Former KKK Grand Wizard Don Black launched Stormfront on March 27, 1995. Posts exceed 12 million, ramping up since the 2016 election season. Panofsky and Donovan’s report has a lot of sociology speak, such as “scholars of whiteness” and “affiliative self-fashioning,” amid some quite alarming posts – yet also reveals a sophisticated understanding of genetics from some contributors.


“We are the voice of the new, embattled White minority!”proclaims the bold, blood-tinged-hued message on the opening page of Stormfront, the “community of racial realists and idealists.” It’s a site for white nationalists, who are a little less extreme than white supremacists, who want to dominate the world from their pinnacle of a perceived racial hierarchy. The Stormfronters seem more concerned with establishing their white purity – defined as “non-Jewish people of wholly European descent.”

Yet the lines between white nationalist and supremacist blur, as Stormfront states, “If Blacks or Mexicans become a majority, then they will not be able to maintain the White man’s social, cultural and economic systems because they do not have to (sic) minds needed to do so.”

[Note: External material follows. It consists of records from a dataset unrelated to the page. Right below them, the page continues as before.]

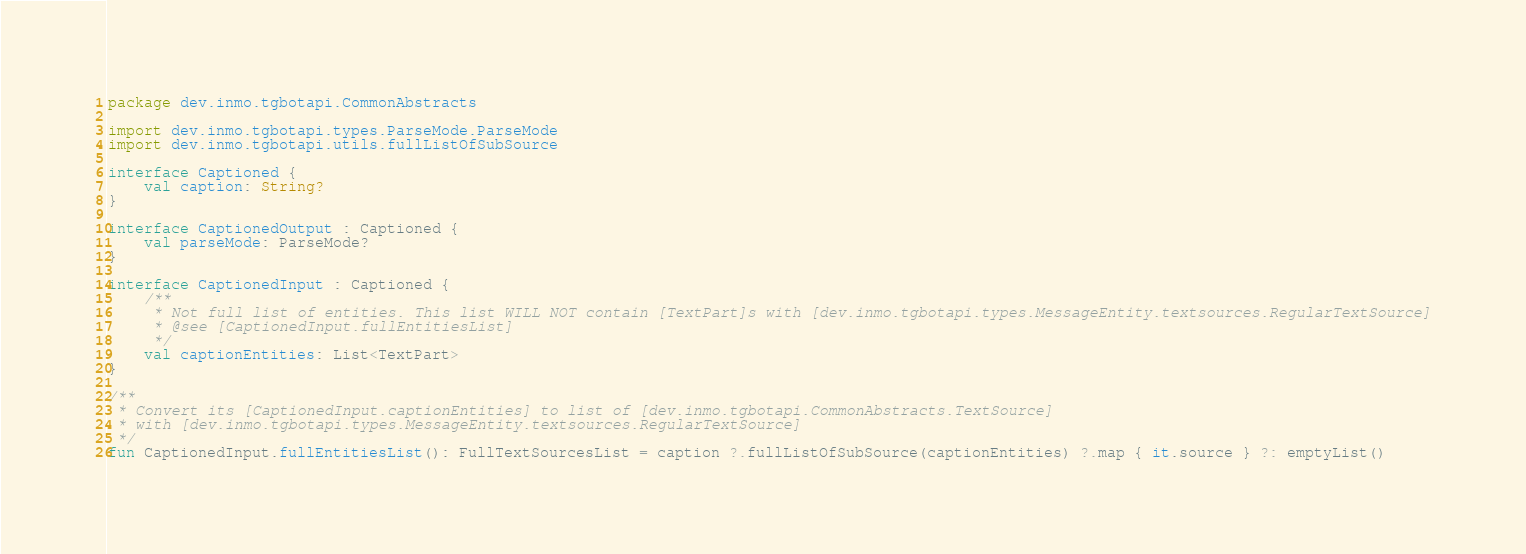Convert code to text. <code><loc_0><loc_0><loc_500><loc_500><_Kotlin_>package dev.inmo.tgbotapi.CommonAbstracts

import dev.inmo.tgbotapi.types.ParseMode.ParseMode
import dev.inmo.tgbotapi.utils.fullListOfSubSource

interface Captioned {
    val caption: String?
}

interface CaptionedOutput : Captioned {
    val parseMode: ParseMode?
}

interface CaptionedInput : Captioned {
    /**
     * Not full list of entities. This list WILL NOT contain [TextPart]s with [dev.inmo.tgbotapi.types.MessageEntity.textsources.RegularTextSource]
     * @see [CaptionedInput.fullEntitiesList]
     */
    val captionEntities: List<TextPart>
}

/**
 * Convert its [CaptionedInput.captionEntities] to list of [dev.inmo.tgbotapi.CommonAbstracts.TextSource]
 * with [dev.inmo.tgbotapi.types.MessageEntity.textsources.RegularTextSource]
 */
fun CaptionedInput.fullEntitiesList(): FullTextSourcesList = caption ?.fullListOfSubSource(captionEntities) ?.map { it.source } ?: emptyList()
</code> 
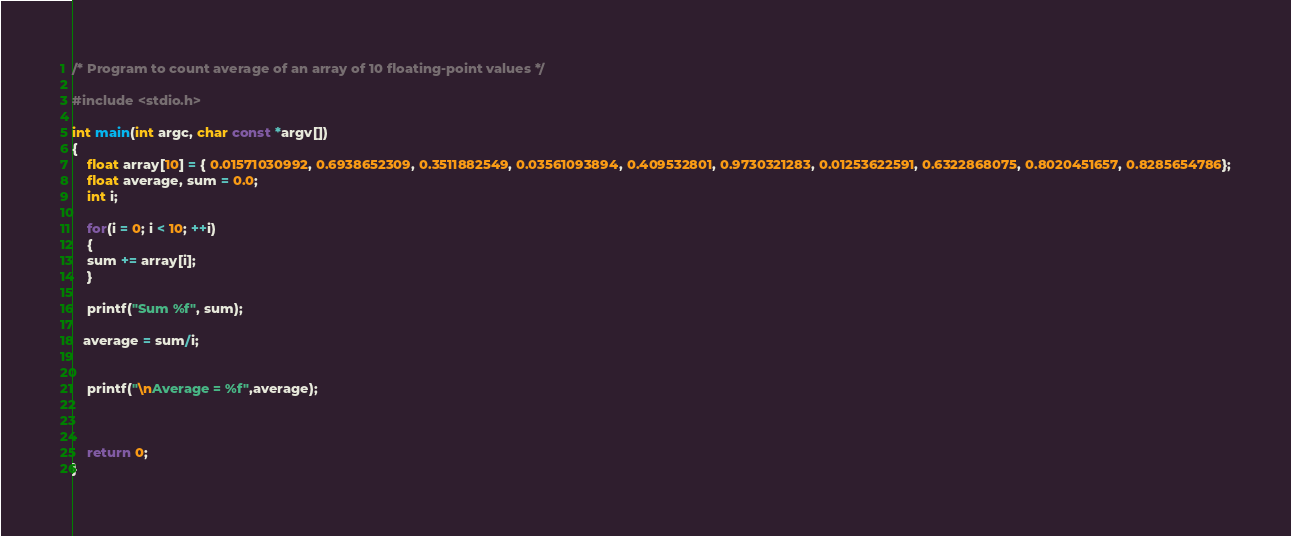<code> <loc_0><loc_0><loc_500><loc_500><_C_>/* Program to count average of an array of 10 floating-point values */

#include <stdio.h>

int main(int argc, char const *argv[])
{
    float array[10] = { 0.01571030992, 0.6938652309, 0.3511882549, 0.03561093894, 0.409532801, 0.9730321283, 0.01253622591, 0.6322868075, 0.8020451657, 0.8285654786};
    float average, sum = 0.0;
    int i;

    for(i = 0; i < 10; ++i)
    {
    sum += array[i];
    }

    printf("Sum %f", sum);
     
   average = sum/i;


    printf("\nAverage = %f",average);



    return 0;
}
</code> 
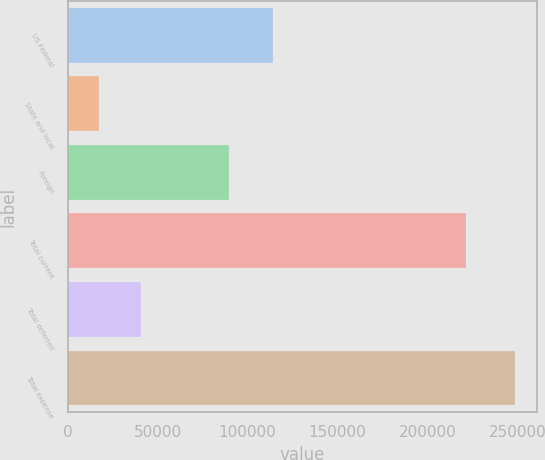<chart> <loc_0><loc_0><loc_500><loc_500><bar_chart><fcel>US Federal<fcel>State and local<fcel>Foreign<fcel>Total current<fcel>Total deferred<fcel>Total expense<nl><fcel>114218<fcel>17468<fcel>89702<fcel>221388<fcel>40567.1<fcel>248459<nl></chart> 
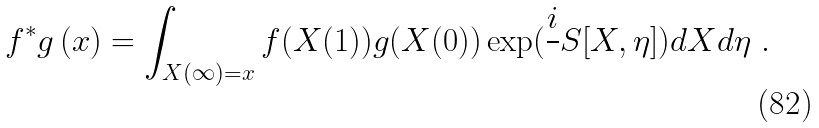Convert formula to latex. <formula><loc_0><loc_0><loc_500><loc_500>f ^ { * } g \, ( x ) = \int _ { X ( \infty ) = x } f ( X ( 1 ) ) g ( X ( 0 ) ) \exp ( \frac { i } { } S [ X , \eta ] ) d X d \eta \ .</formula> 
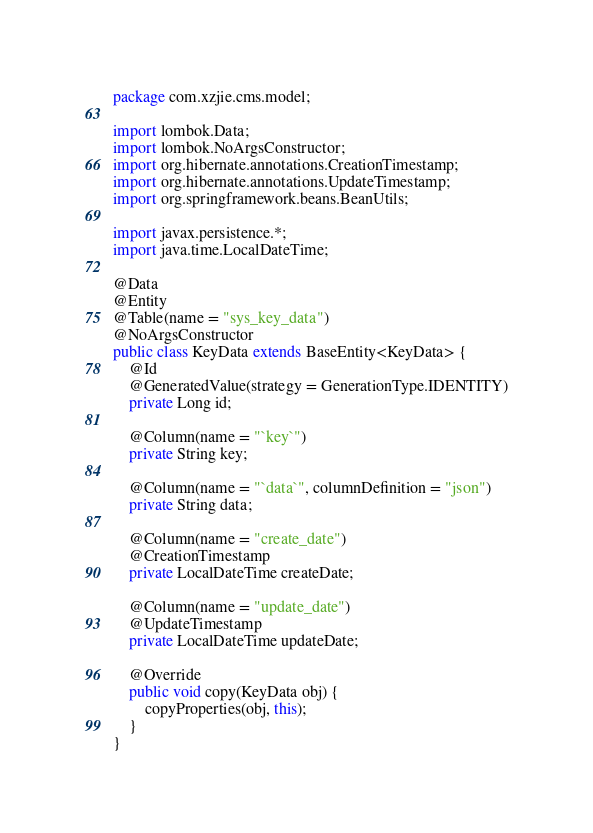<code> <loc_0><loc_0><loc_500><loc_500><_Java_>package com.xzjie.cms.model;

import lombok.Data;
import lombok.NoArgsConstructor;
import org.hibernate.annotations.CreationTimestamp;
import org.hibernate.annotations.UpdateTimestamp;
import org.springframework.beans.BeanUtils;

import javax.persistence.*;
import java.time.LocalDateTime;

@Data
@Entity
@Table(name = "sys_key_data")
@NoArgsConstructor
public class KeyData extends BaseEntity<KeyData> {
    @Id
    @GeneratedValue(strategy = GenerationType.IDENTITY)
    private Long id;

    @Column(name = "`key`")
    private String key;

    @Column(name = "`data`", columnDefinition = "json")
    private String data;

    @Column(name = "create_date")
    @CreationTimestamp
    private LocalDateTime createDate;

    @Column(name = "update_date")
    @UpdateTimestamp
    private LocalDateTime updateDate;

    @Override
    public void copy(KeyData obj) {
        copyProperties(obj, this);
    }
}
</code> 
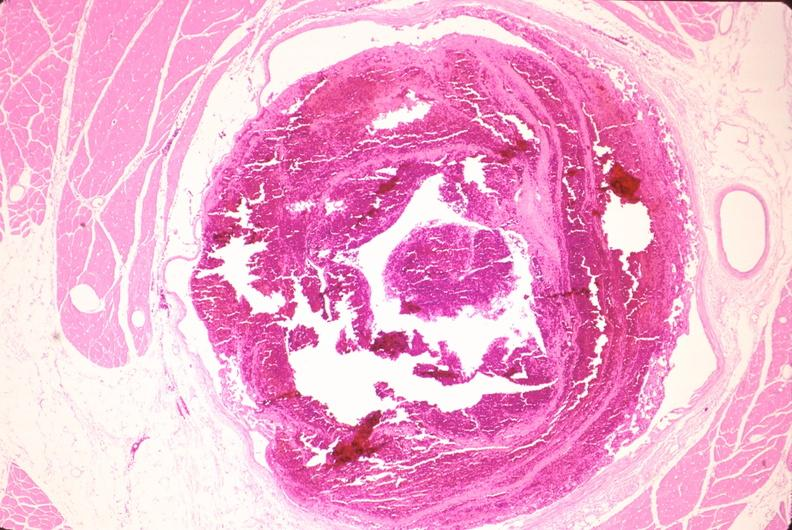what is present?
Answer the question using a single word or phrase. Vasculature 
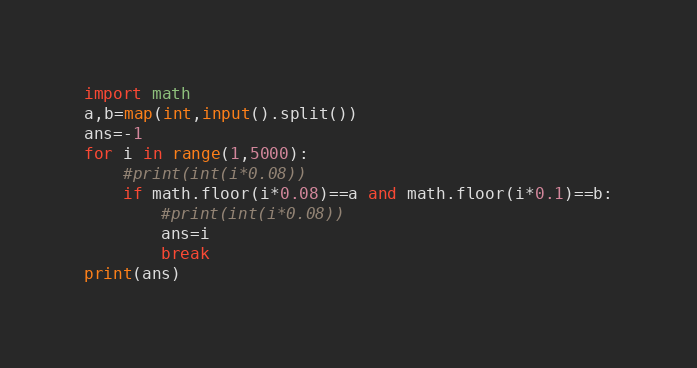<code> <loc_0><loc_0><loc_500><loc_500><_Python_>import math
a,b=map(int,input().split())
ans=-1
for i in range(1,5000):
    #print(int(i*0.08))
    if math.floor(i*0.08)==a and math.floor(i*0.1)==b:
        #print(int(i*0.08))
        ans=i
        break
print(ans)</code> 
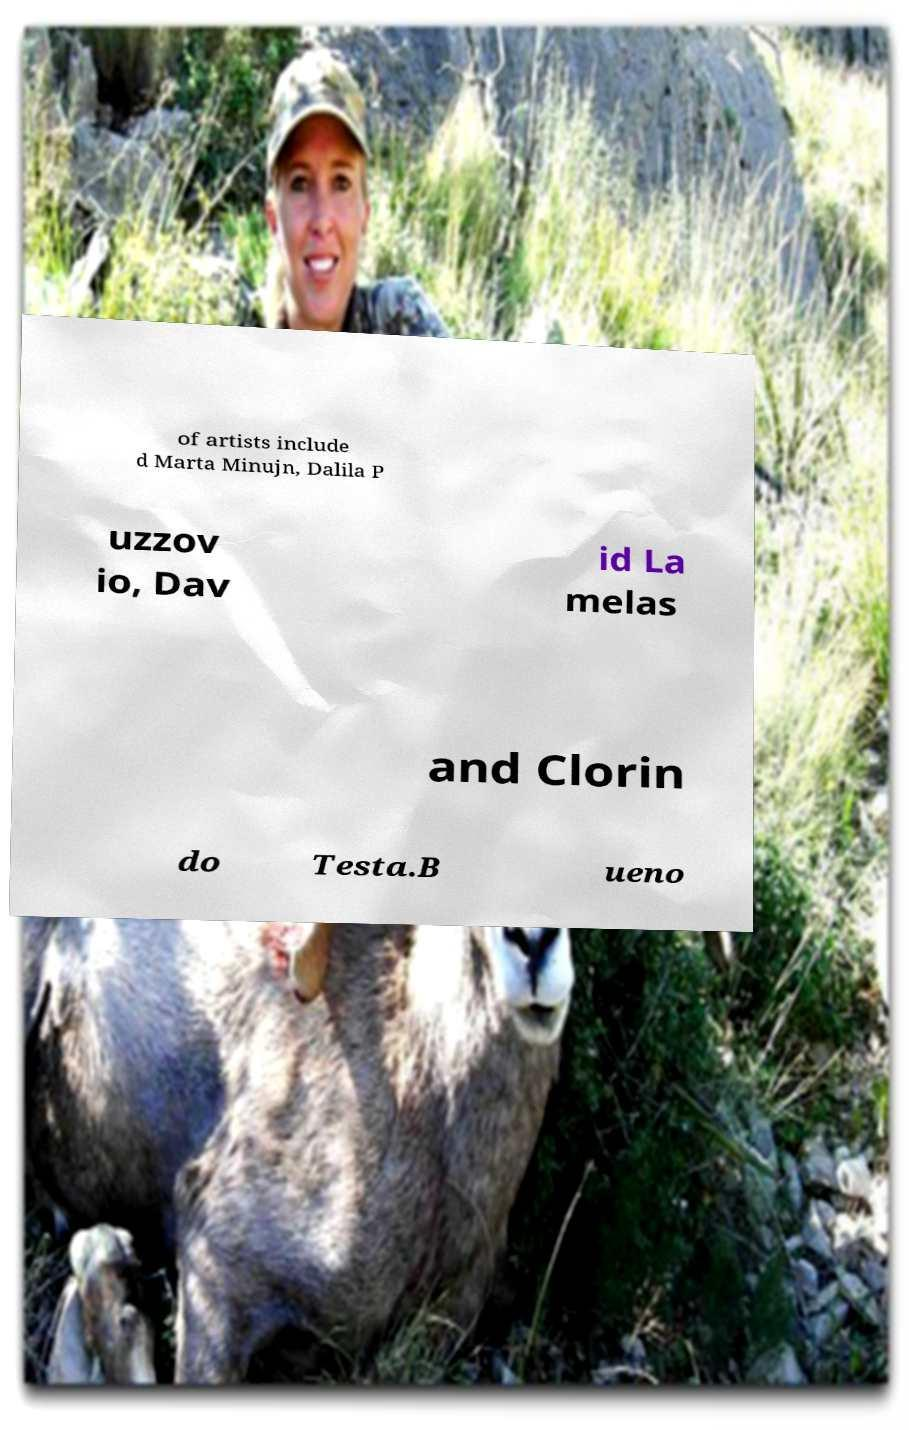Can you accurately transcribe the text from the provided image for me? of artists include d Marta Minujn, Dalila P uzzov io, Dav id La melas and Clorin do Testa.B ueno 
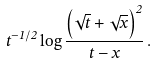<formula> <loc_0><loc_0><loc_500><loc_500>t ^ { - 1 / 2 } \log { \frac { \left ( \sqrt { t } + \sqrt { x } \right ) ^ { 2 } } { t - x } } \, .</formula> 
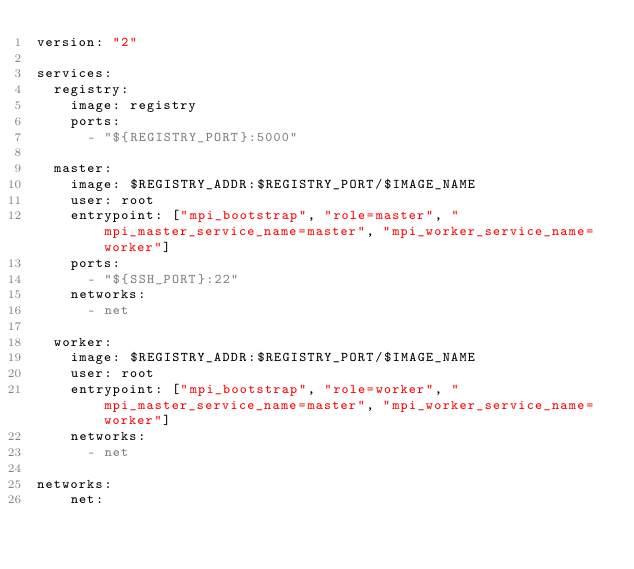<code> <loc_0><loc_0><loc_500><loc_500><_YAML_>version: "2"

services:
  registry:
    image: registry
    ports:
      - "${REGISTRY_PORT}:5000"

  master:
    image: $REGISTRY_ADDR:$REGISTRY_PORT/$IMAGE_NAME
    user: root
    entrypoint: ["mpi_bootstrap", "role=master", "mpi_master_service_name=master", "mpi_worker_service_name=worker"]
    ports:
      - "${SSH_PORT}:22"
    networks:
      - net

  worker:
    image: $REGISTRY_ADDR:$REGISTRY_PORT/$IMAGE_NAME
    user: root
    entrypoint: ["mpi_bootstrap", "role=worker", "mpi_master_service_name=master", "mpi_worker_service_name=worker"]
    networks:
      - net

networks:
    net:
</code> 
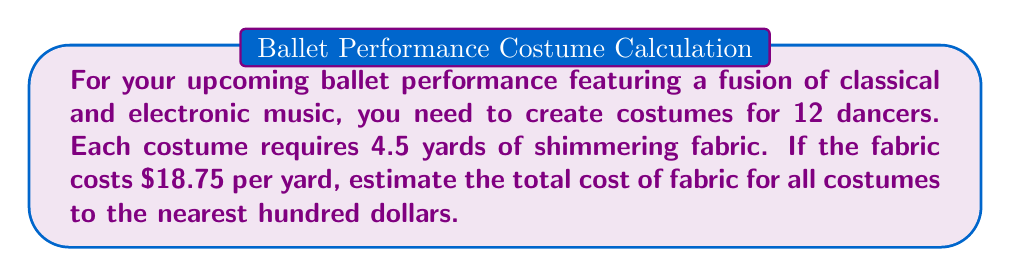Give your solution to this math problem. Let's break this down step-by-step:

1. Calculate the total yards of fabric needed:
   $$ \text{Total yards} = \text{Number of dancers} \times \text{Yards per costume} $$
   $$ \text{Total yards} = 12 \times 4.5 = 54 \text{ yards} $$

2. Calculate the exact cost of fabric:
   $$ \text{Exact cost} = \text{Total yards} \times \text{Cost per yard} $$
   $$ \text{Exact cost} = 54 \times \$18.75 = \$1,012.50 $$

3. Round the cost to the nearest hundred dollars:
   $\$1,012.50$ is closer to $\$1,000$ than to $\$1,100$

Therefore, the estimated cost of fabric for all costumes, rounded to the nearest hundred dollars, is $\$1,000$.
Answer: $\$1,000$ 
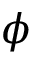<formula> <loc_0><loc_0><loc_500><loc_500>\phi</formula> 
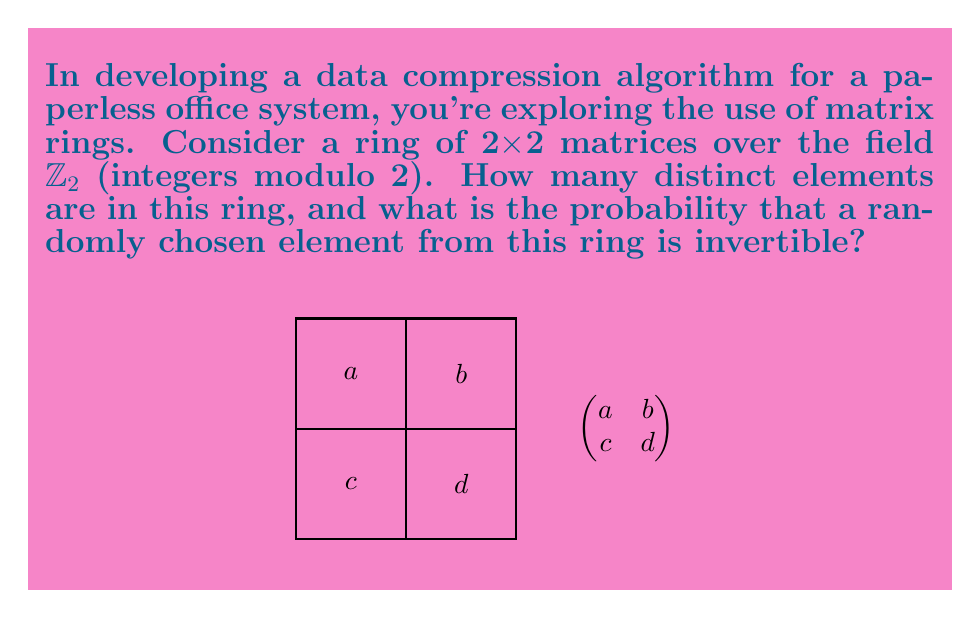What is the answer to this math problem? Let's approach this step-by-step:

1) First, we need to determine how many distinct elements are in the ring.
   - Each entry in the 2x2 matrix can be either 0 or 1 (since we're working in $\mathbb{Z}_2$).
   - There are 4 entries in a 2x2 matrix.
   - Therefore, the total number of distinct matrices is $2^4 = 16$.

2) Now, let's consider which of these matrices are invertible.
   - A matrix is invertible if and only if its determinant is non-zero.
   - For a 2x2 matrix $\begin{pmatrix} a & b \\ c & d \end{pmatrix}$, the determinant is $ad - bc$.
   - In $\mathbb{Z}_2$, this determinant will be 0 if $ad = bc$ (mod 2).

3) Let's count the invertible matrices:
   - The zero matrix $\begin{pmatrix} 0 & 0 \\ 0 & 0 \end{pmatrix}$ is not invertible.
   - Matrices of the form $\begin{pmatrix} 1 & 0 \\ 0 & 1 \end{pmatrix}$, $\begin{pmatrix} 0 & 1 \\ 1 & 0 \end{pmatrix}$, $\begin{pmatrix} 1 & 1 \\ 1 & 1 \end{pmatrix}$ are invertible.
   - Other invertible matrices: $\begin{pmatrix} 1 & 0 \\ 1 & 1 \end{pmatrix}$, $\begin{pmatrix} 1 & 1 \\ 0 & 1 \end{pmatrix}$, $\begin{pmatrix} 1 & 1 \\ 1 & 0 \end{pmatrix}$.
   - In total, there are 6 invertible matrices.

4) The probability of choosing an invertible matrix randomly:
   $P(\text{invertible}) = \frac{\text{number of invertible matrices}}{\text{total number of matrices}} = \frac{6}{16} = \frac{3}{8}$

This analysis can be useful in developing compression algorithms, as understanding the structure of the matrix ring can lead to more efficient encoding and decoding processes.
Answer: 16 elements; $\frac{3}{8}$ probability of being invertible 
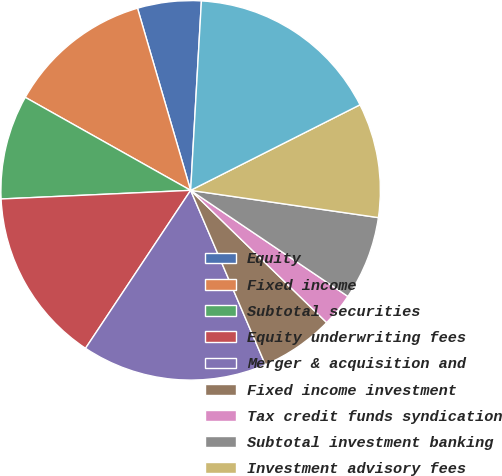Convert chart to OTSL. <chart><loc_0><loc_0><loc_500><loc_500><pie_chart><fcel>Equity<fcel>Fixed income<fcel>Subtotal securities<fcel>Equity underwriting fees<fcel>Merger & acquisition and<fcel>Fixed income investment<fcel>Tax credit funds syndication<fcel>Subtotal investment banking<fcel>Investment advisory fees<fcel>Net trading profit<nl><fcel>5.42%<fcel>12.33%<fcel>8.88%<fcel>14.93%<fcel>15.79%<fcel>6.28%<fcel>2.83%<fcel>7.15%<fcel>9.74%<fcel>16.65%<nl></chart> 
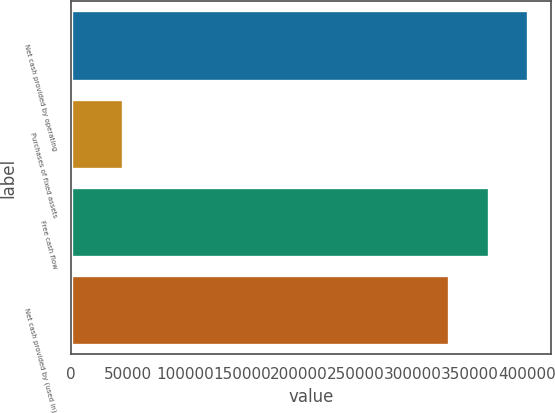Convert chart to OTSL. <chart><loc_0><loc_0><loc_500><loc_500><bar_chart><fcel>Net cash provided by operating<fcel>Purchases of fixed assets<fcel>Free cash flow<fcel>Net cash provided by (used in)<nl><fcel>401198<fcel>45963<fcel>366592<fcel>331986<nl></chart> 
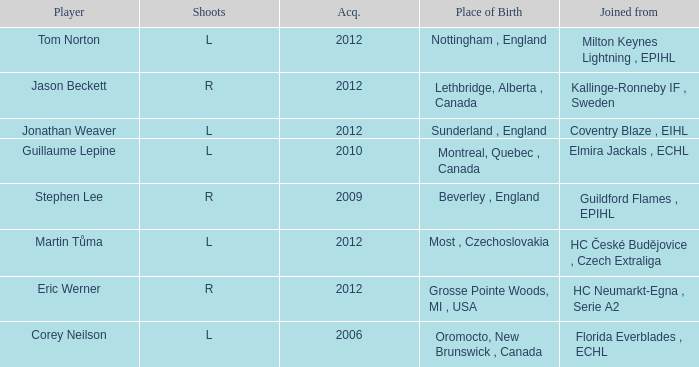Who acquired tom norton? 2012.0. 
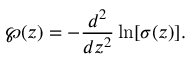Convert formula to latex. <formula><loc_0><loc_0><loc_500><loc_500>\wp ( z ) = - \frac { d ^ { 2 } } { d z ^ { 2 } } \ln [ \sigma ( z ) ] .</formula>

The idea of white rights is rather new, catalyzed by the revolts of the truly marginalized, murdered, abused, ignored, and enslaved. In the past, whiteness was equated to lack of race, much as I thought as a child of vanilla as a lack of chocolate. Use of genetic ancestry testing to confirm one’s concept of pure whiteness is also somewhat new, a subversion of technology that is disturbing to this geneticist whose grandparents escaped the pogroms of eastern Europe.

Of the 153 folks on Stormfront brave enough to post their genetic ancestry test results, 53 were relieved. “Pretty much what I expected but it was good to get it confirmed,” proclaimed one. A participant named Sloth found out he has “pretty damn pure blood” from Scandinavia, the British Isles, and Iceland, prompting him to plan a getaway to Iceland and get a Thor’s hammer tattoo. Another relieved Stormfronter, worried that “Their (sic) might be American indian or jew in the mix because I tan really easily,” was happy to learn he’s “100% white! HURRAY!”

The other 100 genetic test-takers weren’t so thrilled with their results, seeking excuses. My favorite: “These companies are quite liberal about ensuring every white person gets a little sprinkling of non-white DNA (we know who owns and runs these companies).” ErikTheWhite helpfully added that the genetic testing company 23andMe is deploying Jewish DNA to create bioweapons to kill pure whites as if the DNA replication machinery checks in with the religion of the person.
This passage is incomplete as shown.